If 50.0 g of ice at 0 C is added to 150.0 g of water at 80.0 C?
What will the temperature of the mixture be when it reaches thermal equilibrium?
- 7 years agoFavorite Answer
mass of ice (m1) = 50 grams
mass of water (m2) = 150 grams
Temperature of water (T2)= 80.0 C
Temp. of ice (T1) = 0 C
Temperature of mixture (Tm)= ?
heat of melting ice(L) = 80 cal/g
heat capacity of water (c) = 1 cal/g
m1.L + m1.c.ΔTice = m2.c.ΔTwater
m1.L + m1.c.(Tm-T1) = m2.c.(T2-Tm)
50.80 + 50.1(Tm-0) = 150.1.(80-Tm)
4000 + 50Tm = 12000 -150Tm
200 Tm = 8000
Tm = 40 C
ok? rate please
- 7 years ago
I cannot do the math. I encountered a roadblock in my math that I cannot overcome. However, I can give you and any future people answering this question this tip:
You will need to find the total amount of energy transferred and include the heat of fusion of ice. Here is what I can help with.
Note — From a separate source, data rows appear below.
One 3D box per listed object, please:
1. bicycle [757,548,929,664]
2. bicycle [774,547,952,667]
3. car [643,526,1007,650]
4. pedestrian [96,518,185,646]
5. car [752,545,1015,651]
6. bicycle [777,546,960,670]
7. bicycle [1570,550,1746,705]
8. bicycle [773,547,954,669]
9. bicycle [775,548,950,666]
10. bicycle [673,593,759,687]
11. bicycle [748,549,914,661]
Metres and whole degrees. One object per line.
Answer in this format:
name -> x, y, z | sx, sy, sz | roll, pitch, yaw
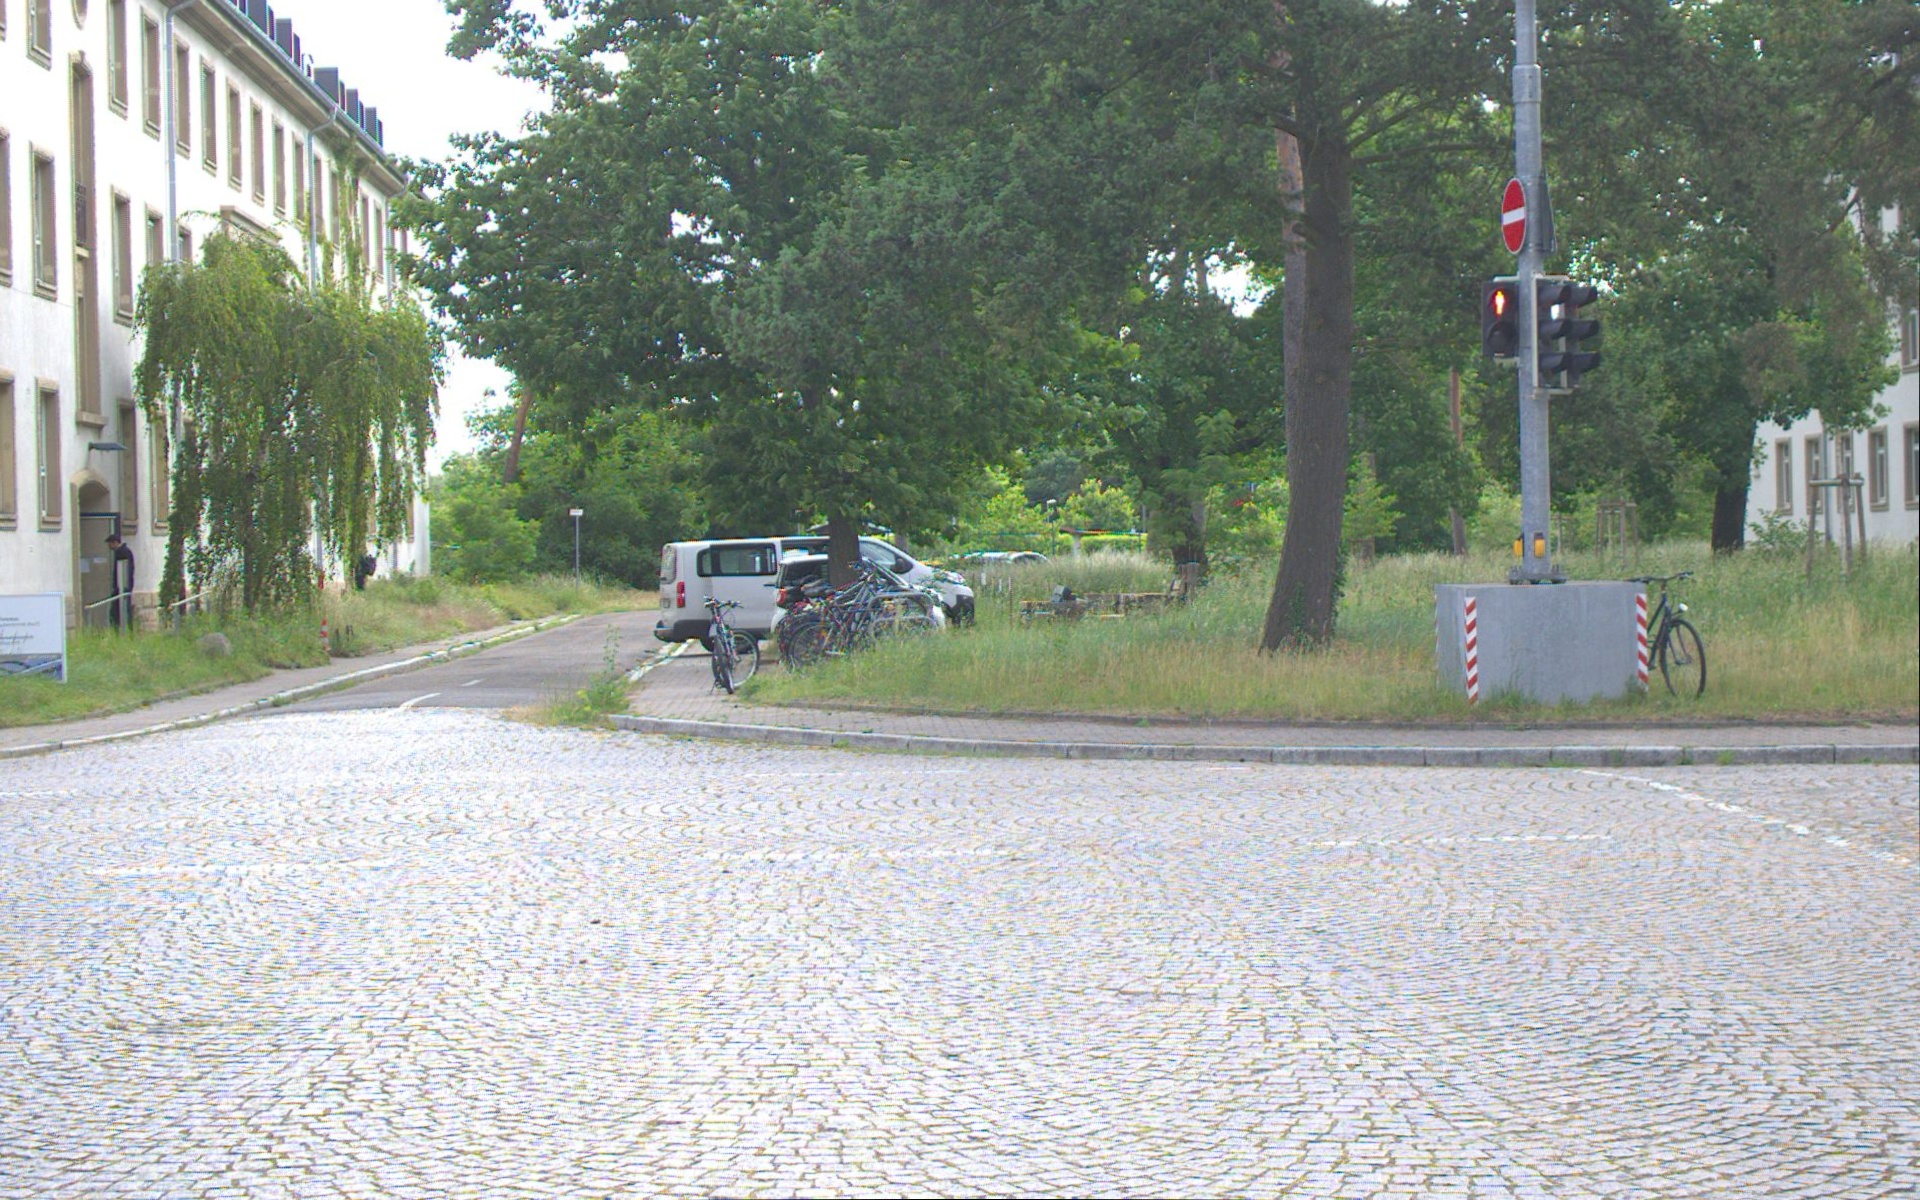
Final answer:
bicycle -> -1.439, 0.066, 42.415 | 2.069, 1.373, 0.620 | -1, 1, -1
bicycle -> -1.153, 0.081, 40.828 | 2.069, 1.373, 0.620 | -1, 1, -1
car -> -2.275, -0.221, 57.396 | 5.690, 1.904, 2.231 | -1, 1, -14
pedestrian -> -13.030, -0.293, 54.668 | 1.087, 2.007, 1.021 | -1, 1, 3
car -> -1.236, -0.046, 54.058 | 3.931, 1.539, 2.000 | -1, 1, -7
bicycle -> -1.051, 0.091, 39.535 | 2.069, 1.373, 0.620 | -1, 1, -1
bicycle -> 5.553, 0.199, 27.461 | 0.908, 1.173, 1.874 | -1, 1, -3
bicycle -> -1.123, 0.086, 40.203 | 2.069, 1.373, 0.620 | -1, 1, -1
bicycle -> -1.179, 0.076, 41.624 | 2.069, 1.373, 0.620 | -1, 1, -1
bicycle -> -2.665, 0.423, 37.691 | 0.618, 0.960, 2.076 | -1, 1, 5
bicycle -> -1.640, 0.055, 43.895 | 2.069, 1.373, 0.620 | -1, 1, -1

The amount of energy transferred into the ice to melt it: Q=m*Hf 16700 J = .050*(3.34*10^5)
After considering the melted ice, we can now find the final temperature by using this formula:
The water we gained from melting the ice will be represented by "i", and temperature will be measured in Kelvins
Final Temperature = ((mass of i)*Ci*(initial temp)+(mass of w)*Cw*(initial temp)/((mass of i)*Ci+(mass of w)*Cw)
Final Temperature = (.050*4180*273+.150*4180*(initial temp))/(.050*4180+.150*4180)
Final Temperature = (57057+627*(initial temp))/(836)
The only variable I am missing is the temperature of the .150 kg of water after melting the ice.Source(s): Physics class - Thermodynamics
- 7 years ago
(50.0 * 0 + 150.0 * 80)/(50+150) = 60 C
This is assuming its a perfect system.